The Good Life
Lush Pastures is failing to live up to its name as the rain goes on a summer break.
Here’s a new definition for an optimist: someone who buys a rain gauge in Wairarapa in January. It could well be the new meaning for dumbo, too, but I’ll live with that.
After weeks without significant rain, our gardens have been gasping between waterings, and our once lush, green paddocks have become brown and dusty and depressing. Born-again optimist that I am, I hoped buying an instrument for measuring a thing that, for all intents and purposes, has ceased to exist, was just the sort of stupid gesture the weather gods might appreciate, and that they might then see their way to filling the thing. So far, they haven’t. And if they don’t, sod them.
This, though I can hardly believe it, is our third summer in the country, and I’ve still to acclimatise to a climate where summer means sunshine, lots and lots and lots of sunshine. I’m not confident that I will ever get used to it. I lived in Auckland for more than 30 years and never got the hang of its often crappy summers. Up there, this time of year usually involved rain at inopportune times and unpleasant humidity all the time, which did nothing for my still wonderfully thick, dark and lustrous hair (so I’m told!), and less still for my state of mind when sitting on a badly air-conditioned bus next to a bloke with BO on my way home from another day at a dying newspaper.
Down here, rain arriving at inopportune or any other times would sate the garden, revive the patchy brown lawn, cool my head of lustrous hair and provide Xanthe, Elizabeth Jane and the rest of Miles the sheep farmer’s flock of pretty, gentle ewes with more fresh, green grass to eat, instead of supplementary feed. We’ve been handfeeding them lashings of plums, which keeps them happy, but not full.
For weeks now, Miles has been arriving each morning with a trailer load of what farmers call baleage, we call “stinkage” and the ewes call breakfast.
For the uninitiated – which used to be us – baleage is grass cut into hay, then collected by an enormous and rather frightening bailing machine, which shrink wraps the hay in plastic to keep oxygen out and moisture in. This was done in spring, with the Big Dry in mind. Stinkage is very high in food value and keeps the ewes going now the pastures are brown.
Though, of course, not all pastures are brown. Some farms in the district have commercial irrigation systems drawing water from bores. The contrast between the water haves and the water have-nots is stark. On one side of a road there will be green fields, on the other, paddocks that look like ours, which, I began thinking recently, don’t look entirely dissimilar to Australia’s drought-stricken farms.
As I’m a bit thick, it dawned on me only after we moved that, living on the east coast of the North Island, we are in one of the driest areas of the country, so all that summer brown is what normal looks like. Perhaps, I started to think, I shouldn’t worry too much. But even I’m not that thick. Climate change is only going to make the Wairarapa and Lush Places drier.

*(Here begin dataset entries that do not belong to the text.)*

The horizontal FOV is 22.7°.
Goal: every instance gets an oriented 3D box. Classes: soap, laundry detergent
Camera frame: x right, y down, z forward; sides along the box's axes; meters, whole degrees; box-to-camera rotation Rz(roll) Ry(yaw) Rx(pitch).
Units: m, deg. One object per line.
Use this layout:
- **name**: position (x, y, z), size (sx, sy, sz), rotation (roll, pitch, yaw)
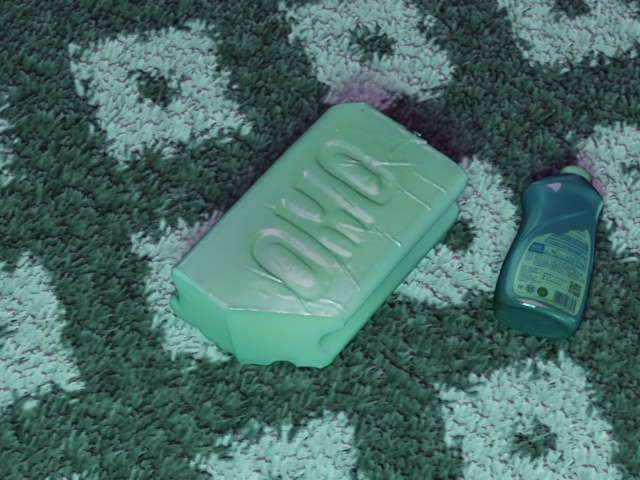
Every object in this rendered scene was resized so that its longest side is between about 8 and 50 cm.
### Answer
- **soap**: position (0.000, 0.000, 1.639), size (0.173, 0.095, 0.289), rotation (36, 63, 16)
- **laundry detergent**: position (0.247, 0.002, 1.681), size (0.096, 0.061, 0.206), rotation (16, 59, 7)
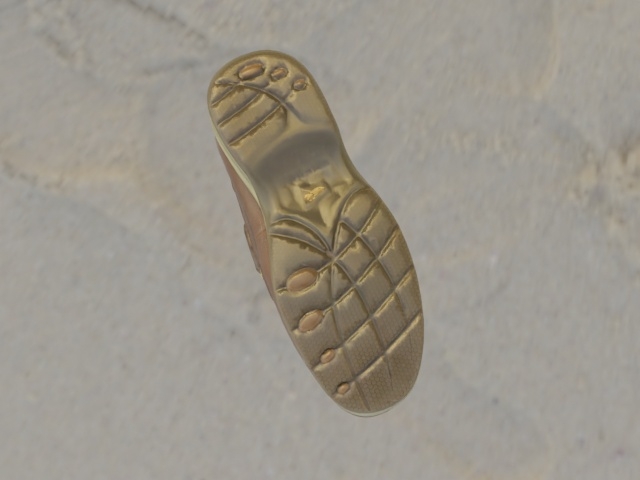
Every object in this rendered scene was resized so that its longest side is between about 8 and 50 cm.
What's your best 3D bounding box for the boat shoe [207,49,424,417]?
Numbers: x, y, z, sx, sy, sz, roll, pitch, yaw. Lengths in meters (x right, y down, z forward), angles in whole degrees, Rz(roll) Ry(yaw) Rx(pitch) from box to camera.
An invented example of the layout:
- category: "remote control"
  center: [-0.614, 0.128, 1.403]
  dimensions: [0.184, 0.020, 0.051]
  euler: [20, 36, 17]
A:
- category: "boat shoe"
  center: [-0.001, 0.000, 0.886]
  dimensions: [0.064, 0.060, 0.178]
  euler: [-20, 72, -8]
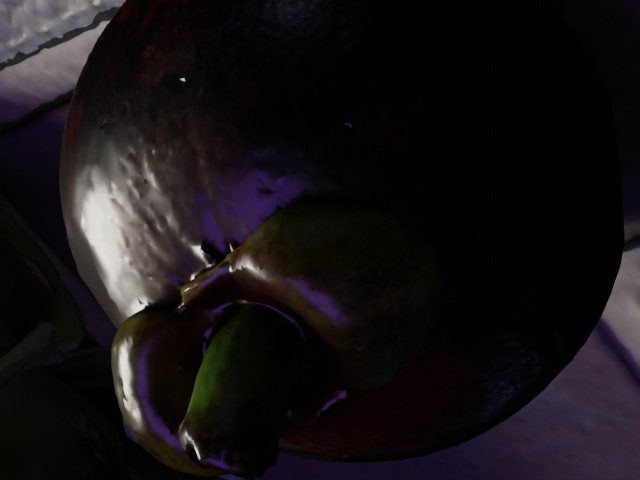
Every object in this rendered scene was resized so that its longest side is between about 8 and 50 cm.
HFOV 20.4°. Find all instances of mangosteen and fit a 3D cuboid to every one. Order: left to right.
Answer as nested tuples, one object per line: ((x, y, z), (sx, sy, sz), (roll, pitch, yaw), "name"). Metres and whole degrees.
((-0.001, -0.006, 0.653), (0.216, 0.216, 0.216), (25, 146, 19), "mangosteen")

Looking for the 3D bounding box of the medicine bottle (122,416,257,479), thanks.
((-0.068, 0.105, 1.006), (0.083, 0.047, 0.047), (15, 141, 33), "medicine bottle")

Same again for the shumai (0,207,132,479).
((-0.280, 0.098, 1.000), (0.395, 0.395, 0.348), (20, 120, 26), "shumai")
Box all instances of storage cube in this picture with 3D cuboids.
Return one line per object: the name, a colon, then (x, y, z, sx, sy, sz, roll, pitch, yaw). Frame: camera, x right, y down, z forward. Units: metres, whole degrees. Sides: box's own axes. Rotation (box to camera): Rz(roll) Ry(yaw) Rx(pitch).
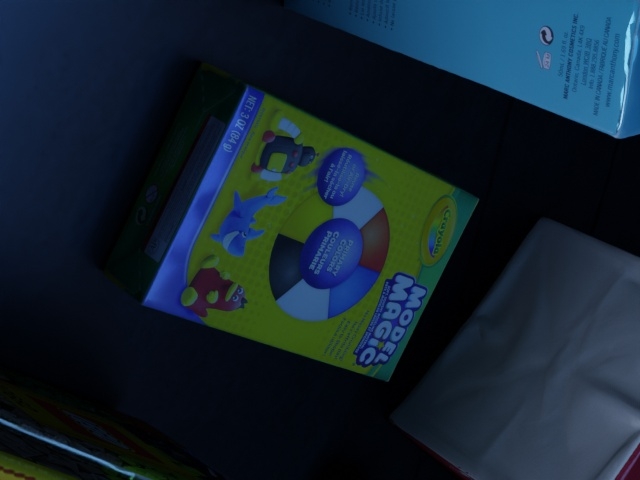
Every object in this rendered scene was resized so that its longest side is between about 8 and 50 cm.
storage cube: (0.201, 0.129, 0.845, 0.183, 0.215, 0.193, -51, 125, -6)

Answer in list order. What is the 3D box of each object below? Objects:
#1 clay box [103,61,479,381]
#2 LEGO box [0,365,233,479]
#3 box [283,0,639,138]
clay box: (0.000, 0.000, 0.733, 0.222, 0.053, 0.127, 21, 97, -41)
LEGO box: (-0.273, 0.270, 0.507, 0.372, 0.193, 0.500, 31, 83, -39)
box: (0.090, -0.118, 0.619, 0.101, 0.244, 0.060, -12, 118, -33)
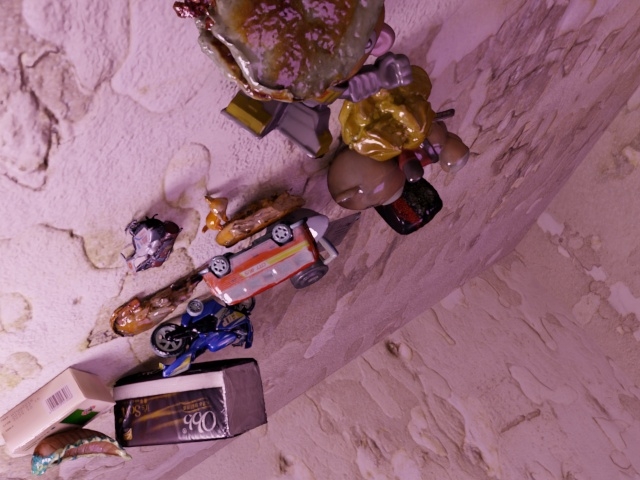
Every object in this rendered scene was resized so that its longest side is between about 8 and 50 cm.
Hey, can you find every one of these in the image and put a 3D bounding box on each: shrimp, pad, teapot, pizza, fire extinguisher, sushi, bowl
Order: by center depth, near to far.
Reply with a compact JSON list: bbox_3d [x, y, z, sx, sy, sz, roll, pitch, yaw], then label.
[{"bbox_3d":[-0.325,0.015,1.357,0.056,0.039,0.132,-7,144,-40],"label":"fire extinguisher"},{"bbox_3d":[-0.133,-0.058,1.463,0.226,0.069,0.147,-30,178,-9],"label":"pizza"},{"bbox_3d":[-0.359,0.139,1.522,0.262,0.066,0.117,-39,160,-5],"label":"shrimp"},{"bbox_3d":[-0.077,-0.026,1.622,0.189,0.086,0.189,-35,161,-14],"label":"bowl"},{"bbox_3d":[0.200,-0.120,1.691,0.126,0.225,0.136,-32,153,-13],"label":"sushi"},{"bbox_3d":[-0.038,0.054,1.819,0.111,0.108,0.149,-15,154,-40],"label":"teapot"},{"bbox_3d":[0.000,0.000,1.920,0.265,0.009,0.159,-20,153,-41],"label":"pad"}]

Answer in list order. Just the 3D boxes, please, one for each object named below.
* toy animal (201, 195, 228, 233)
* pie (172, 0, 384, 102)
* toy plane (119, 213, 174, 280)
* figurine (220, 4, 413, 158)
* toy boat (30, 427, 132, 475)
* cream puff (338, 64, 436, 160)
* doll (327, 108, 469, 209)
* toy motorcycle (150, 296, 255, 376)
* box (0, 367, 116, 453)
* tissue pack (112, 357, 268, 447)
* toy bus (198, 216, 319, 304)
[{"bbox_3d":[-0.219,-0.055,1.363,0.081,0.060,0.083,-37,168,-9],"label":"toy animal"},{"bbox_3d":[-0.039,-0.319,0.895,0.274,0.105,0.257,-40,117,-6],"label":"pie"},{"bbox_3d":[-0.338,0.010,1.270,0.053,0.078,0.197,-23,169,-43],"label":"toy plane"},{"bbox_3d":[-0.007,-0.291,1.060,0.343,0.167,0.284,-3,135,-55],"label":"figurine"},{"bbox_3d":[-0.584,0.512,1.629,0.108,0.099,0.293,-41,155,14],"label":"toy boat"},{"bbox_3d":[0.149,-0.263,1.381,0.221,0.194,0.194,-42,160,-2],"label":"cream puff"},{"bbox_3d":[0.167,-0.184,1.522,0.330,0.174,0.235,-27,-160,8],"label":"doll"},{"bbox_3d":[-0.282,0.238,1.713,0.316,0.168,0.113,-27,158,-29],"label":"toy motorcycle"},{"bbox_3d":[-0.631,0.414,1.602,0.212,0.095,0.168,-37,162,-4],"label":"box"},{"bbox_3d":[-0.356,0.429,1.775,0.370,0.198,0.210,-12,175,24],"label":"tissue pack"},{"bbox_3d":[-0.131,0.048,1.469,0.265,0.119,0.121,-27,-177,6],"label":"toy bus"}]
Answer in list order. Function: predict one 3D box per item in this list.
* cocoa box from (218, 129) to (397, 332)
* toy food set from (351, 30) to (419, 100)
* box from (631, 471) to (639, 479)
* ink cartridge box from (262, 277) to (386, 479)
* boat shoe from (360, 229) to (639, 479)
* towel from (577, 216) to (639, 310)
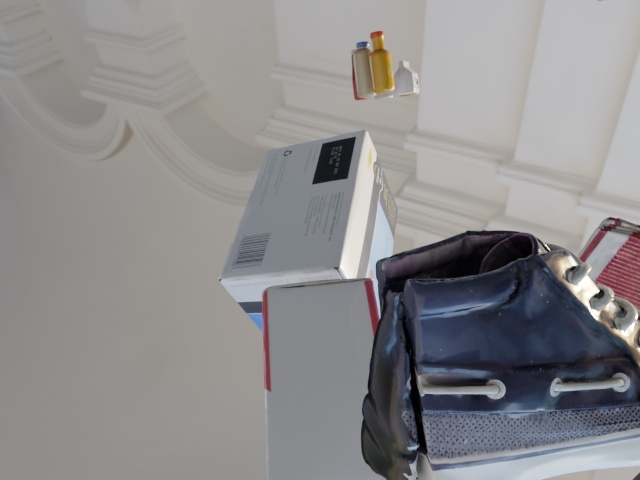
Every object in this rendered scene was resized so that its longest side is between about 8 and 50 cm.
[{"bbox_3d":[0.000,0.000,1.068,0.231,0.228,0.347,-7,-133,23],"label":"cocoa box"},{"bbox_3d":[0.121,-0.333,1.079,0.111,0.104,0.232,-3,-169,28],"label":"toy food set"},{"bbox_3d":[0.722,0.663,1.214,0.381,0.143,0.191,-34,-178,-13],"label":"box"},{"bbox_3d":[0.015,0.218,0.653,0.131,0.306,0.226,-8,-126,1],"label":"ink cartridge box"},{"bbox_3d":[0.193,0.067,0.403,0.341,0.158,0.127,-9,-163,-16],"label":"boat shoe"},{"bbox_3d":[0.509,0.104,0.777,0.329,0.237,0.037,24,-126,15],"label":"towel"}]
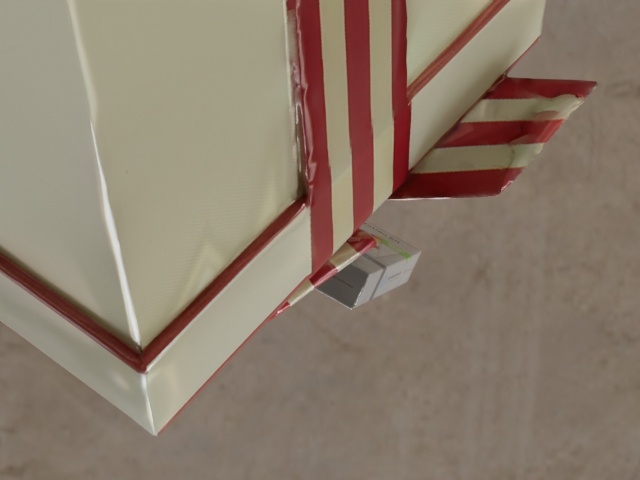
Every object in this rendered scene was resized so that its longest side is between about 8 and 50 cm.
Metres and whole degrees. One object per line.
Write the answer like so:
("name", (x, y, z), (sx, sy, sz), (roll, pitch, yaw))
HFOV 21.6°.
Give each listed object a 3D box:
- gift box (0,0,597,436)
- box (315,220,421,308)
("gift box", (-0.052, -0.120, 0.562), (0.255, 0.276, 0.258), (38, 153, 24))
("box", (0.000, 0.000, 1.487), (0.145, 0.186, 0.038), (30, 102, 13))
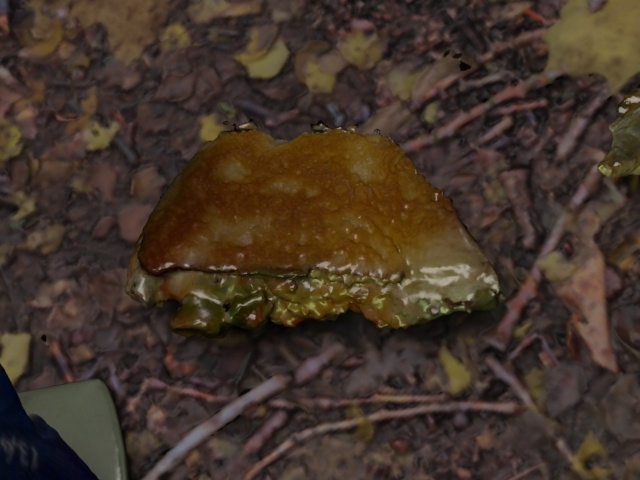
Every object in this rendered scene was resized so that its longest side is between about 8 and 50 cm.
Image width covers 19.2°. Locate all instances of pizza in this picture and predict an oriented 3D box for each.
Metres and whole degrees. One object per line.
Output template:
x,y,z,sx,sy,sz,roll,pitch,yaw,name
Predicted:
0.000,0.000,1.127,0.226,0.069,0.147,0,48,9,pizza

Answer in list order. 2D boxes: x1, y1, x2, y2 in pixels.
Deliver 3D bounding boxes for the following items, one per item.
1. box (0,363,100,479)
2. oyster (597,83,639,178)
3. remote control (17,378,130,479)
-0.226,0.222,0.994,0.206,0.262,0.291,-24,82,19,box
0.229,-0.091,1.125,0.146,0.045,0.121,-12,54,8,oyster
-0.251,0.163,1.133,0.285,0.038,0.123,-11,68,8,remote control
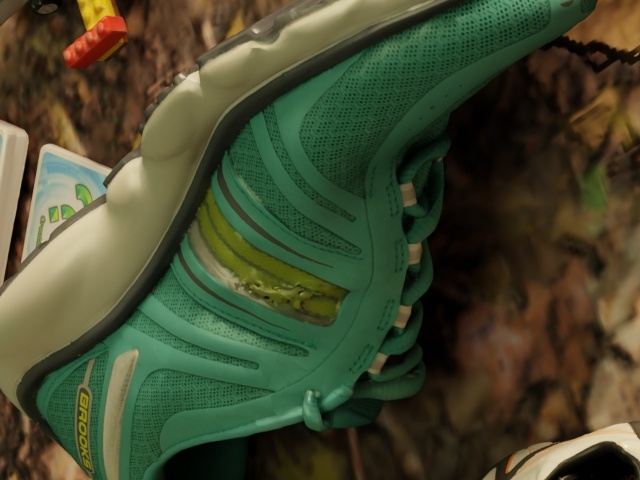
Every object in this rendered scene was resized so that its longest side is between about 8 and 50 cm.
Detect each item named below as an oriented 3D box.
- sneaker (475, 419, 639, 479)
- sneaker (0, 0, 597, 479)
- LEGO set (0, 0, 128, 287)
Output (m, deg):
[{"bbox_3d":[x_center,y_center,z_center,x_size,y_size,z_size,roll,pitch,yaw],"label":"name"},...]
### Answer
[{"bbox_3d":[0.065,0.072,0.532,0.109,0.044,0.040,-33,67,44],"label":"sneaker"},{"bbox_3d":[0.000,0.000,0.586,0.110,0.107,0.275,53,133,10],"label":"sneaker"},{"bbox_3d":[-0.136,-0.093,0.748,0.182,0.060,0.244,23,106,42],"label":"LEGO set"}]
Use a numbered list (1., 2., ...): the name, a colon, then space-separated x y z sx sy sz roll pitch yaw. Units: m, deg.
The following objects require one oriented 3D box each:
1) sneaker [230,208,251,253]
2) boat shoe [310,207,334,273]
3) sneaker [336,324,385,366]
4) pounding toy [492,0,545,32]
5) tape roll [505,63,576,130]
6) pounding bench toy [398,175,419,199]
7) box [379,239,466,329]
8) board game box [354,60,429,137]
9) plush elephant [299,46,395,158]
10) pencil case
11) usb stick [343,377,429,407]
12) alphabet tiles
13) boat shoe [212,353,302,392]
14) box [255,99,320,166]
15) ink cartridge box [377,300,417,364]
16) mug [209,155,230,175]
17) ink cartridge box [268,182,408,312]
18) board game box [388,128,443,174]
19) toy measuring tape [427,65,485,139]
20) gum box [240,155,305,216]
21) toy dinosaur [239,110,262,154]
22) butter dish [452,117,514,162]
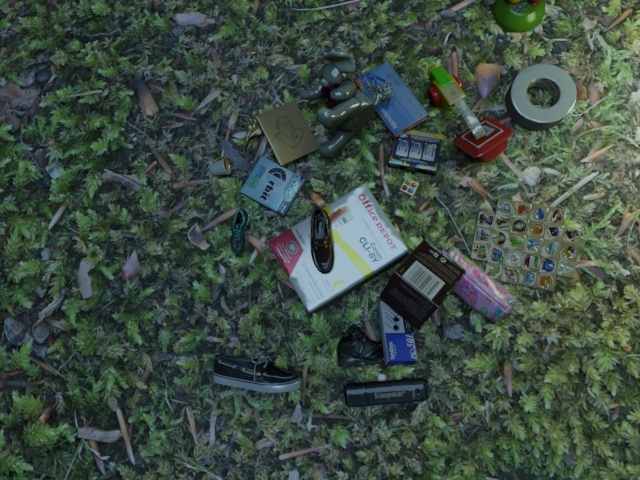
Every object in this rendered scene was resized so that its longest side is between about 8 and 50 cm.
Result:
1. sneaker: -0.294 -0.038 1.721 0.065 0.076 0.166 4 81 8
2. boat shoe: 0.000 0.000 1.523 0.073 0.073 0.207 -8 79 5
3. sneaker: 0.164 0.344 1.604 0.227 0.087 0.130 -7 86 10
4. pounding toy: 0.715 -0.881 1.736 0.183 0.110 0.237 -21 79 2
5. tape roll: 0.766 -0.499 1.687 0.219 0.072 0.219 -1 80 6
6. pounding bench toy: 0.316 -0.196 1.688 0.052 0.065 0.083 27 84 10
7. box: 0.318 0.142 1.534 0.168 0.203 0.167 39 62 13
8. board game box: 0.254 -0.510 1.740 0.145 0.027 0.281 -29 68 -1
9. plush elephant: 0.056 -0.506 1.672 0.330 0.272 0.255 -41 73 -4
10. pencil case: 0.495 0.140 1.586 0.284 0.124 0.124 42 87 10
11. usb stick: 0.214 0.501 1.593 0.278 0.045 0.077 -6 79 5
12. alphabet tiles: 0.695 0.012 1.641 0.342 0.011 0.285 11 82 8
13. boat shoe: -0.211 0.432 1.617 0.306 0.113 0.105 5 96 16
14. box: -0.117 -0.389 1.749 0.164 0.021 0.201 -27 90 -15
15. ink cartridge box: 0.249 0.299 1.576 0.097 0.046 0.207 2 57 -8
16. mug: -0.371 -0.269 1.785 0.064 0.078 0.062 -12 112 13
17. ink cartridge box: 0.064 0.029 1.628 0.384 0.160 0.279 -32 78 1
18. board game box: 0.337 -0.318 1.715 0.170 0.048 0.141 12 80 8
19. toy measuring tape: 0.466 -0.472 1.688 0.121 0.121 0.330 -28 74 1
20. gum box: -0.172 -0.196 1.752 0.184 0.041 0.157 29 84 9
21. toy dinosaur: -0.258 -0.416 1.792 0.092 0.053 0.183 37 86 9
22. butter dish: 0.567 -0.324 1.663 0.160 0.118 0.160 -35 38 2
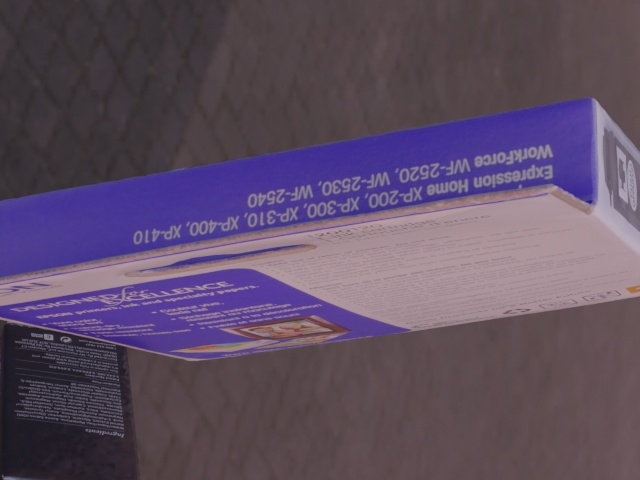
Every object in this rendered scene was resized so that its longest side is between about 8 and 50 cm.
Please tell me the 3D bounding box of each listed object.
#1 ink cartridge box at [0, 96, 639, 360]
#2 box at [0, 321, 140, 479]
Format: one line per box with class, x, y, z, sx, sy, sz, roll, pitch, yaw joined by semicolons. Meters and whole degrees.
ink cartridge box;0.000;0.000;0.470;0.208;0.206;0.045;20;62;-67
box;-0.219;0.189;1.172;0.207;0.108;0.153;-109;-146;-58

Just before Christmas, a Niwa report commissioned by the Greater Wellington Regional Council contained predictions of more and longer droughts ahead, and of 10 or more consecutive – note, the “or more” and “consecutive” – days a year of greater than 30ºC heat. So the troubles of Australia’s east coast – years-long drought, empty rivers, extreme heat and wild fires – may well become ours, too. Which only made it more chilling that, the week I bought the rain gauge, we woke up to find a sun made the colour of a blood orange by smoke from Australia’s distressing and disastrous bush fires.
Red sky in the morning used to be a folksy prediction for shepherds about the day ahead. Now, it feels like a daunting omen, even to a born-again optimist.
The troubles of Australia’s east coast – yearslong drought, empty rivers, wild fires – may become ours, too.